"Thus, when accounting scandals hit and people lose faith in companies' risk controls, Royce Special Equity is a good place to be," Morningstar said.

The fund lost 19.5% in 2008, which was 1,400 basis points better than the category average. The fixed-income managers of the year were Bob Rodriguez and Tom Atteberry of the FPA New Income Fund, who were credited with predicting the mortgage meltdown.

"From his perch in Los Angeles, Rodriguez had a good view of the insane housing speculation and the crazy mortgages behind them," Morningstar said.

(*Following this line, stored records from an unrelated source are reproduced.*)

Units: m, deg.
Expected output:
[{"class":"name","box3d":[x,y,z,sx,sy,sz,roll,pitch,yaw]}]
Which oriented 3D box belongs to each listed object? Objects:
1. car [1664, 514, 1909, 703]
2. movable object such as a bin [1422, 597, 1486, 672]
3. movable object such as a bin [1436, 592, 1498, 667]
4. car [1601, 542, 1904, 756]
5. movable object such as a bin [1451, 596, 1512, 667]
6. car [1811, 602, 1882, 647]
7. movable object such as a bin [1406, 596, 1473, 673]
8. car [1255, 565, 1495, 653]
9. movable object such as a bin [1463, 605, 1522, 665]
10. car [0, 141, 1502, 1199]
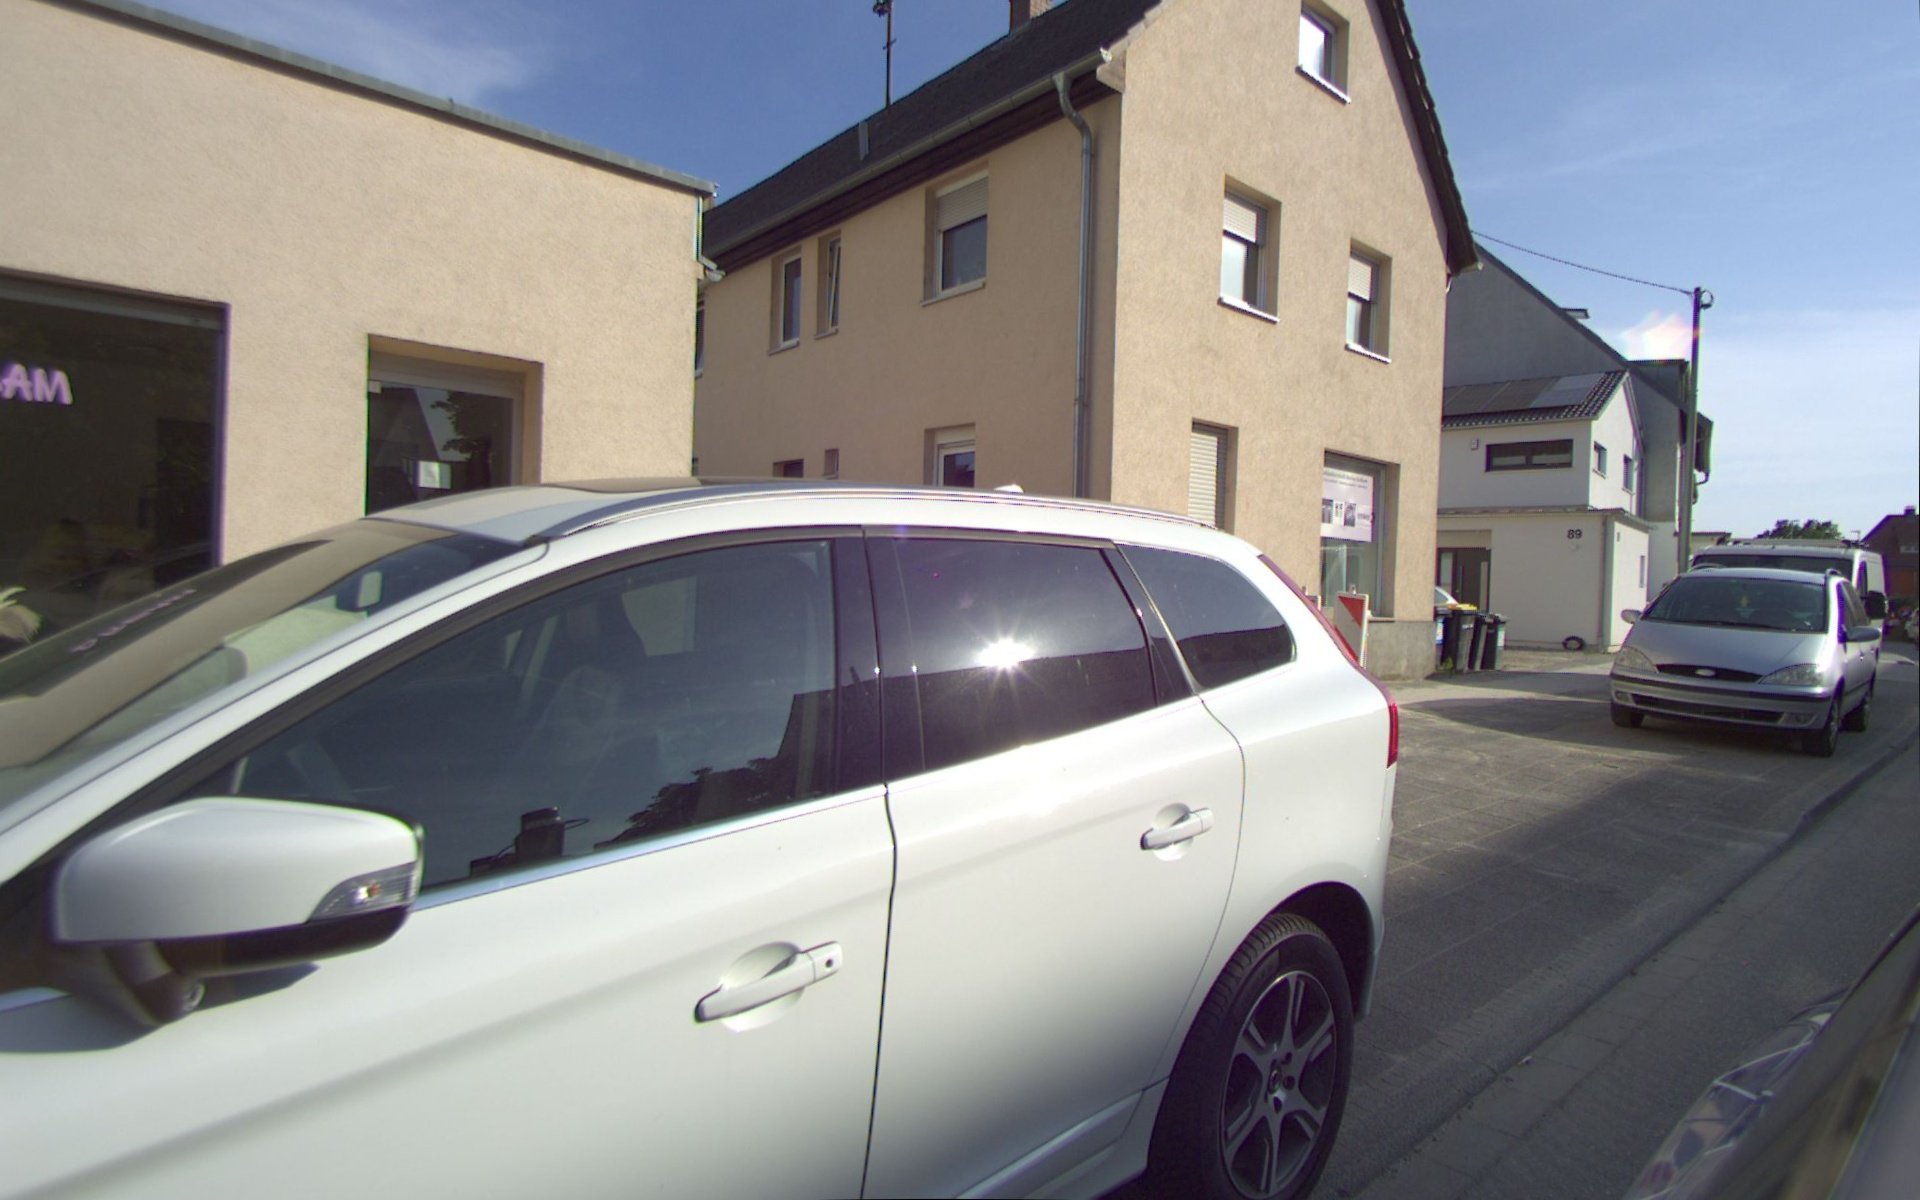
[{"class":"car","box3d":[12.448,0.078,15.108,4.914,2.356,2.177,1,2,-44]},{"class":"movable object such as a bin","box3d":[7.680,0.518,15.739,0.544,1.107,0.729,1,1,-43]},{"class":"movable object such as a bin","box3d":[8.122,0.455,16.205,0.544,1.146,0.729,1,1,-43]},{"class":"car","box3d":[8.455,0.387,10.644,4.407,1.762,1.780,1,3,-43]},{"class":"movable object such as a bin","box3d":[8.558,0.506,16.625,0.544,1.107,0.729,1,1,-43]},{"class":"car","box3d":[32.049,0.842,36.662,1.604,1.438,3.867,3,2,37]},{"class":"movable object such as a bin","box3d":[7.253,0.507,15.314,0.615,1.107,0.729,1,1,-43]},{"class":"car","box3d":[7.661,0.161,18.723,3.895,1.424,1.666,2,2,-18]},{"class":"movable object such as a bin","box3d":[8.962,0.574,17.028,0.544,0.971,0.729,1,1,-43]},{"class":"car","box3d":[-0.796,0.435,2.005,4.399,1.704,1.816,0,4,-42]}]

The fund steered clear of risk before the meltdown hit in 2007, which cost it returns in the short run, but led to a gain of 4.3% in 2008. That's 920 basis points better than the average intermediate-term bond fund. "That's a remarkable feat in the bond world, where winners and losers are usually separated by 30 basis points," Morningstar said.

The international managers of the year were David Samra and Dan O'Keefe of the Artisan International Value Fund. They did an "outstanding job applying a deep-value strategy overseas," Morningstar said, adding that investment discipline limited their losses to 30.1% in 2008. "Although that's not pretty, it's a far sight better than the 47% loss posted by the average foreign small/mid-value fund and the 43% loss at MSCI EAFE," Morningstar said.

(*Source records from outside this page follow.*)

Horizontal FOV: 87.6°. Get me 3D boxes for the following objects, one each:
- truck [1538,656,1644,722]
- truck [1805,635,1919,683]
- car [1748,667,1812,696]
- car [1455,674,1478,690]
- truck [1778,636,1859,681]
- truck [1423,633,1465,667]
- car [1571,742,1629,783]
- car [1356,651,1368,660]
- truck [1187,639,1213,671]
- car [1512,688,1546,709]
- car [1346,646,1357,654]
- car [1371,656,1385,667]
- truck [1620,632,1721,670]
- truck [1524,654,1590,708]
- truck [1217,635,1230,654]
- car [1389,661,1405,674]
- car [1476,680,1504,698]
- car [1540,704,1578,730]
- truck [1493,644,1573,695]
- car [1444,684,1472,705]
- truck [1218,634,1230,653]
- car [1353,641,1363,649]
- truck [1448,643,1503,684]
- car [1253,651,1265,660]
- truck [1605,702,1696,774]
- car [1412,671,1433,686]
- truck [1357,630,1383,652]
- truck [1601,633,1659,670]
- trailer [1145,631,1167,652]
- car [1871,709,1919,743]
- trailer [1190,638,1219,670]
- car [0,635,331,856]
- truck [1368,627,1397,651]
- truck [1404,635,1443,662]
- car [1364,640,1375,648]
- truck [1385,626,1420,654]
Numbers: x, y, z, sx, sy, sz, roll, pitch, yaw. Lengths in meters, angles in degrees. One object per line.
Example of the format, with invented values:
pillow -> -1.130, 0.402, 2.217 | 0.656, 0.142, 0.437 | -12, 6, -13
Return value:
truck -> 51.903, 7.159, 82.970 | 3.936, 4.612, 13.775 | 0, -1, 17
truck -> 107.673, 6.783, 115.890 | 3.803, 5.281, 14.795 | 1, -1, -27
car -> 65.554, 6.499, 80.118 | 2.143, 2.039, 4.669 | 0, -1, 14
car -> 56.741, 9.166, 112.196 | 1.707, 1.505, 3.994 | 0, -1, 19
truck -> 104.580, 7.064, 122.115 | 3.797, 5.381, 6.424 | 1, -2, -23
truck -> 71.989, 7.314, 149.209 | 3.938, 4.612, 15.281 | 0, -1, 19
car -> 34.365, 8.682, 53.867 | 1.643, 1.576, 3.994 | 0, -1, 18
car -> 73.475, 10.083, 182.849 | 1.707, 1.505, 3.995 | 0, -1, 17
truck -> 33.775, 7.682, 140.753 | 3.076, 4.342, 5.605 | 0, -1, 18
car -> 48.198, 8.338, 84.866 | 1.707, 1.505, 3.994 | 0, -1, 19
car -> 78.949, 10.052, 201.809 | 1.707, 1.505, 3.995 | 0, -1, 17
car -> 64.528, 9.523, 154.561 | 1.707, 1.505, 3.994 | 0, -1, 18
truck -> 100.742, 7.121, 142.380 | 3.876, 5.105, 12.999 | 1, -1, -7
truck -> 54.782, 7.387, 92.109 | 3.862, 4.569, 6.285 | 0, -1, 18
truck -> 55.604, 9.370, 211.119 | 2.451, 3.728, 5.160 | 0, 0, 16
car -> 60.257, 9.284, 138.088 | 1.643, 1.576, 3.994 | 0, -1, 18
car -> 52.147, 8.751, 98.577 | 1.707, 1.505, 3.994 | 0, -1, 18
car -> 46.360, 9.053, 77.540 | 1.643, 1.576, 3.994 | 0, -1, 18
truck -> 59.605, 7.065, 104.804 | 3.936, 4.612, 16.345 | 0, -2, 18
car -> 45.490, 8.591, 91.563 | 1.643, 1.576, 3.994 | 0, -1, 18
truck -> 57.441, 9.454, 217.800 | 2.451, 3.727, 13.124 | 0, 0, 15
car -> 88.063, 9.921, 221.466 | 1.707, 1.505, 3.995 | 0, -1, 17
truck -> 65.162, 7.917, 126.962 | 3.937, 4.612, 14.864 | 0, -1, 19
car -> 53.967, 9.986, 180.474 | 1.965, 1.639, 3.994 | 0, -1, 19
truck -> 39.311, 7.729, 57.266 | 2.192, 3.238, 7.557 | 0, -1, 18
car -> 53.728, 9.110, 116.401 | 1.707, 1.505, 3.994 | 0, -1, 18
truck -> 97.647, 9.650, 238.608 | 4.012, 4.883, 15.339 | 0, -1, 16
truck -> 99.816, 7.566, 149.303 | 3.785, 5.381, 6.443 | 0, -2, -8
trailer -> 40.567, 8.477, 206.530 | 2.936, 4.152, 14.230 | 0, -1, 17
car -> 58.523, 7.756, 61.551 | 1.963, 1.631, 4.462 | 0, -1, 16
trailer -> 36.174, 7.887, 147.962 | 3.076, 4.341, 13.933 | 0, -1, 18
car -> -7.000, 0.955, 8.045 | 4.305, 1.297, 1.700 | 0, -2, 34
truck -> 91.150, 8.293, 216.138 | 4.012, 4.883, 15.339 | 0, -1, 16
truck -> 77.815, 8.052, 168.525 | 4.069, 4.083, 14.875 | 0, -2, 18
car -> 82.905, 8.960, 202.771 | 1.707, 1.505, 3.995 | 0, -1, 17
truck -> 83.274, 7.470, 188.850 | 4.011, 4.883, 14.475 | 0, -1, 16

LTC Costs Up, But Increase Has Slowed
Long-term health care (LTC) price hikes have basically increased in line with inflation since 2002, according to a study of 2008 LTC costs by John Hancock Life Insurance Company. That's a slower average growth rate than during the 1990s, but LTC remains a pricey proposition that's only going to get pricier.

Last year, the average cost of a private nursing home room was $204 a day, or $74,460 annually, up an average of 3.2% per year since 2002. The average cost of a semiprivate nursing home room was $183 a day, or $66,795 annually, for an average annual increase of 2.7% during that period.

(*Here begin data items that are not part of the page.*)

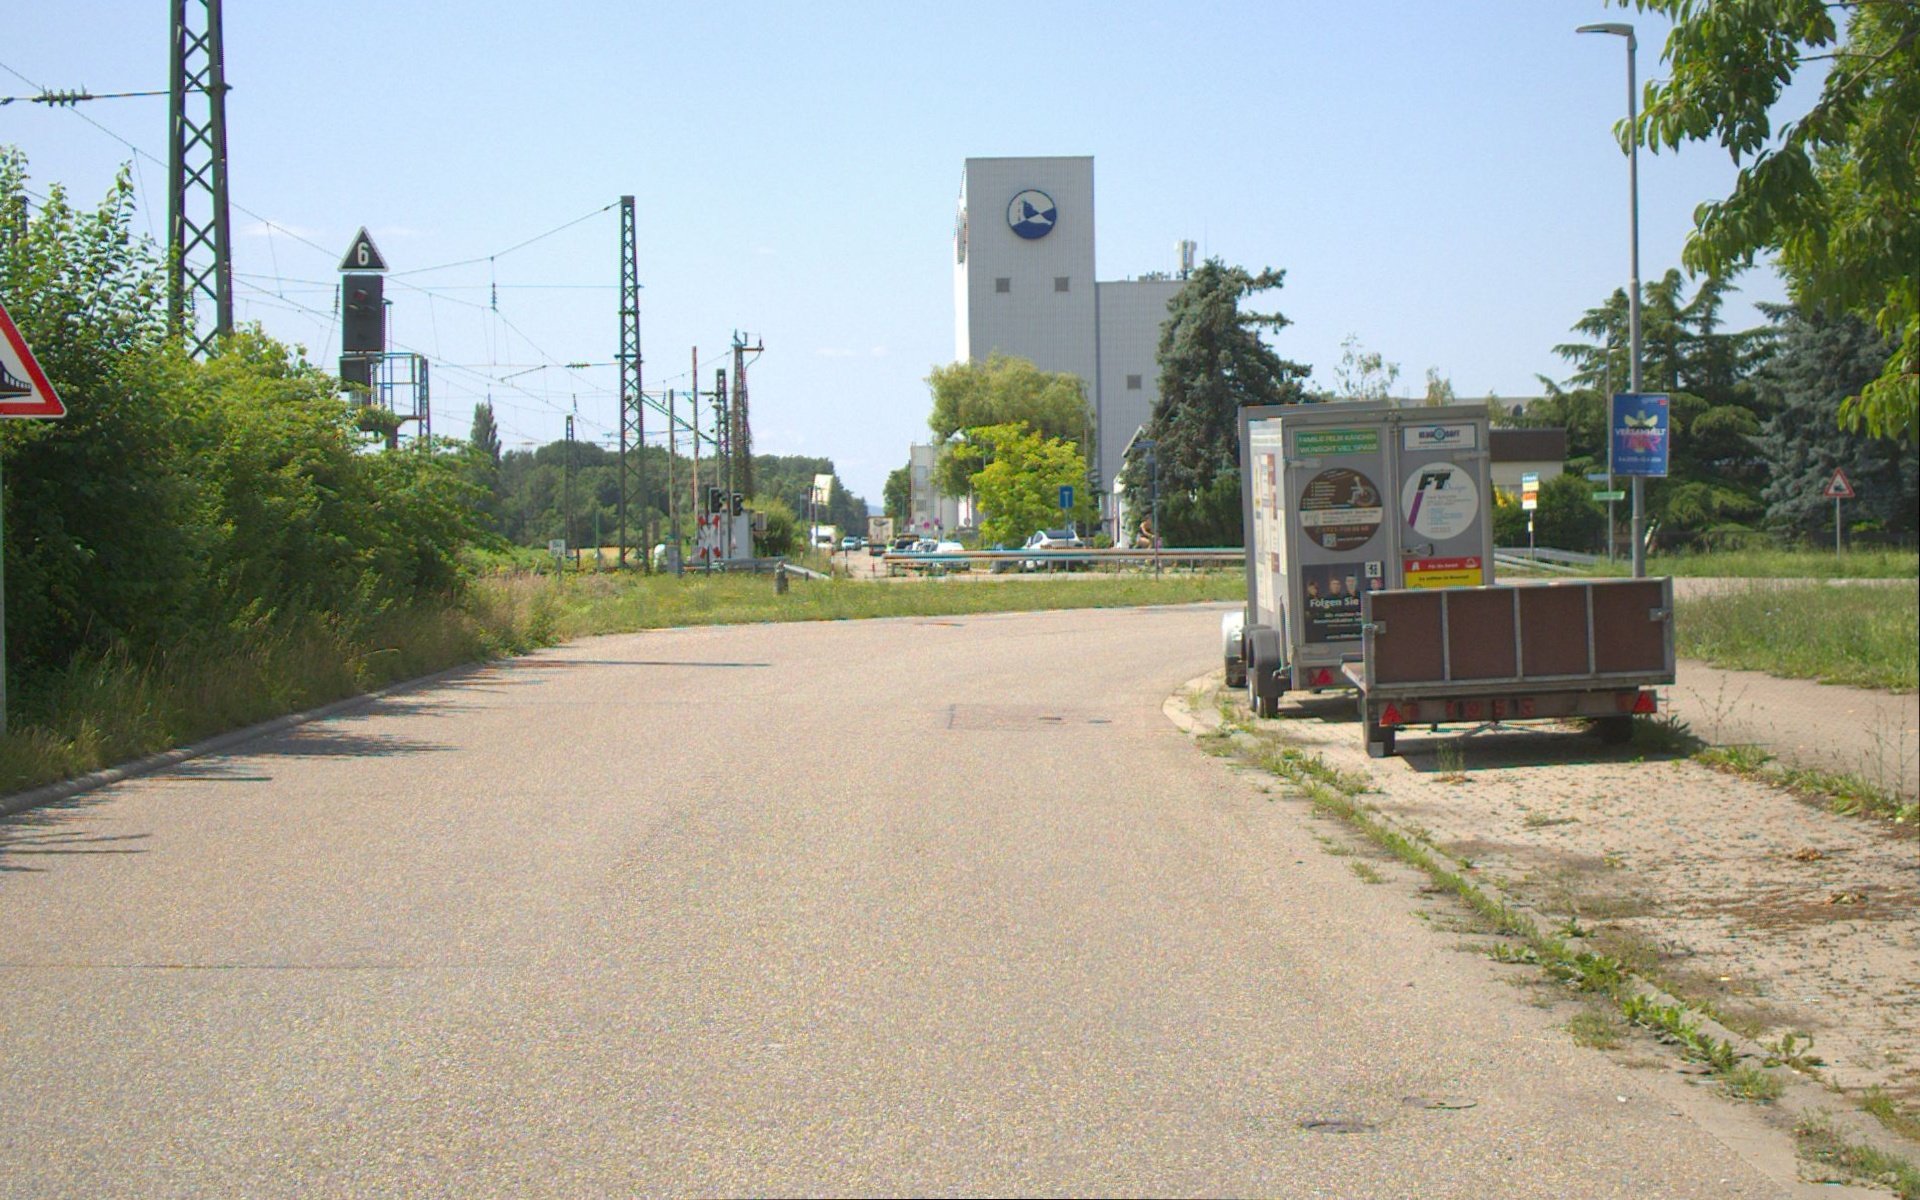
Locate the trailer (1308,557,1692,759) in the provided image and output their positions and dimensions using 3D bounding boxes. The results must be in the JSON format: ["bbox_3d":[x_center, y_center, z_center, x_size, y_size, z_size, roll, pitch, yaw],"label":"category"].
[{"bbox_3d":[3.531,0.329,23.292,2.005,1.119,4.488,-3,1,2],"label":"trailer"}]

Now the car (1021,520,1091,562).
[{"bbox_3d":[3.514,-2.195,126.749,1.993,1.504,4.455,-1,1,-6],"label":"car"}]

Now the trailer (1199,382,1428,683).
[{"bbox_3d":[3.454,-0.683,33.879,1.933,2.635,5.183,-3,1,5],"label":"trailer"}]

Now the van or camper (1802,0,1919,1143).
[{"bbox_3d":[3.358,-0.166,4.601,2.439,2.817,7.624,-2,1,-1],"label":"van or camper"}]

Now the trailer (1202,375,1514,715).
[{"bbox_3d":[3.222,-0.476,28.769,1.919,2.499,4.741,-3,1,0],"label":"trailer"}]

"In the 1990s, the costs of care, particularly nursing home care, rose at a far faster pace," said Marianne Harrison, president, John Hancock Long-Term Care Insurance. "Nevertheless, at this rate baby boomers are looking at spending a startling $750,000 to $1.25 million for a three- to five-year long-term care event 30 years from today."

The average monthly charge for an assisted-living facility in 2008 was $2,962, or $35,544 a year. That jumped an annual average of 4% since 2002. Meanwhile, the cost for home health aides last year was $19 an hour, a 1.4% average annual increase during that period.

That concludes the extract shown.